MARCOS PINO JORGE

ARQUEOLOGO.- Nació en Guayaquil, el 25 de junio de 1932. Hijo legítimo de Jorge Marcos Ycaza, graduado en la Ecole Comercial de Ginebra, funcionario del banco Comercial y Agrícola hasta su clausura en 1925, contratado junto a José Rafael Vélez para trabajar en 1927 en la Misión Económica de Edwin W. Kemmerer, luego Gerente – Apoderado del Banco Sociedad General por muchos años y de su prima segunda Dolores Pino Ycaza; guayaquileños.

Estudió en unión de varios primos con la señorita Pura Rivadeneira Erazo, hacía plumillas y tomó clases de dibujo en Guayaquil con Hans Micaelson desde 1940, también asistió una corta temporada en Quito a la casa de Lloyd Wulf el 44. En 1941 pasó a la Escuela de los Hermanos Cristianos y realizó la secundaria en el Colegio Americano graduándose de Bachiller en enero de 1951, donde fue alumno de historia del Prof. Francisco Huerta Rendón, quien comenzó a interesarlo en cuestiones de Arqueología. En reciprocidad “le llevé unos torteros o cuentas de hilar y él me explicó de qué época eran. Yo había visto los huacos que tenía mi tío Antonio Pino en su casa, heredados de mi abuelo José Gabriel Pino Roca, quien se iba a recolectarlos con Otto Von Buchwald en las pampas de Puná y me impresionaban algunas cerámicas y sobretodo el rostro severo de un tótem de una cultura peruana”.

“También había otras piezas más que le habían regalado a mi abuelo en el Perú. Mi mamá me hacía leer la obra de él que contiene y tradiciones tales como “Mi sangre Chimú”, también nos hablaba del alfarismo y a través de su historia oral estaba al tanto del pasado”.

Buen deportista, campeón en los mil quinientos metros, le gustaba el ejercicio más que la competencia.

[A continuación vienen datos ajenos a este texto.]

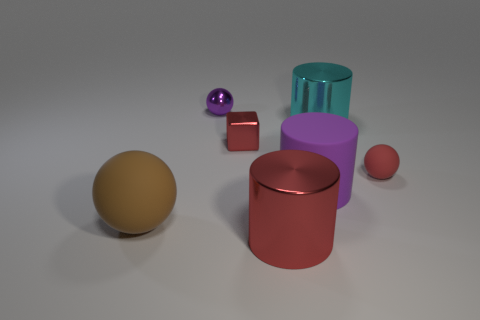Add 3 small brown metallic spheres. How many objects exist? 10 Subtract all shiny cylinders. How many cylinders are left? 1 Subtract all purple spheres. How many spheres are left? 2 Subtract 1 red cubes. How many objects are left? 6 Subtract all cubes. How many objects are left? 6 Subtract 1 spheres. How many spheres are left? 2 Subtract all blue cylinders. Subtract all purple balls. How many cylinders are left? 3 Subtract all brown balls. How many red cylinders are left? 1 Subtract all brown things. Subtract all red matte objects. How many objects are left? 5 Add 4 brown spheres. How many brown spheres are left? 5

El 65 concurrió a los Juegos bolivarianos de Quito en el equipo ecuatoriano de esgrima. Después del bachillerato fue llevado por su padre a una escuela de Boston que le prepararía al curso de Ingeniería del Massachusset Institute of tecnology (M.I.T.) y quedó recomendado a Federico Stagg Caamaño, antiguo amigo de su padre, que trabajaba como investigador asociado en Antropología Física en el Peabody Museum de la Universidad de Harvard en Cambridge. Pronto se deslumbró por los estudios de antropología, pero Stagg Caamaño le advirtió: Tu padre va a creer que yo te convencí de venir a Harvard y luego a estudiar antropología, por lo tanto, no entras. Ante tan drástica prohibición, se decidió por el aprendizaje de artes plásticas en la prestigiosa escuela “Arts Students League” de la Calle 57 y Avenida Séptima, muy cerca del Carnegie Hall y siguió el Curso de Literatura Inglesa en Harvard aunque hubiera preferido el de Antropología, pues se hizo amigo del notable arqueólogo Dr. Gordon Willey, que le hablaba acerca de sus trabajos. De la Literatura sacaría facilidad y claridad de exposición y un estilo sencillo y directo. En 1955 obtuvo la Licenciatura, regresó a Guayaquil y comenzó a trabajar en las oficinas de “Plantaciones Ecuatorianas”, propietaria de varias hacienda bananeras en la zona de Balao Chico. En 1958 salió de allí porque su tío Antonio Pino Ycaza le convenció de la necesidad de instalar una fábrica de venecianas, luego montó una de ventanas de aluminio que llamó “Alumar” asociándose en 1960 con Gustavo Vallarino Márquez de la Plata. Ese año contrajo matrimonio con Eulalia Merino Valdivieso.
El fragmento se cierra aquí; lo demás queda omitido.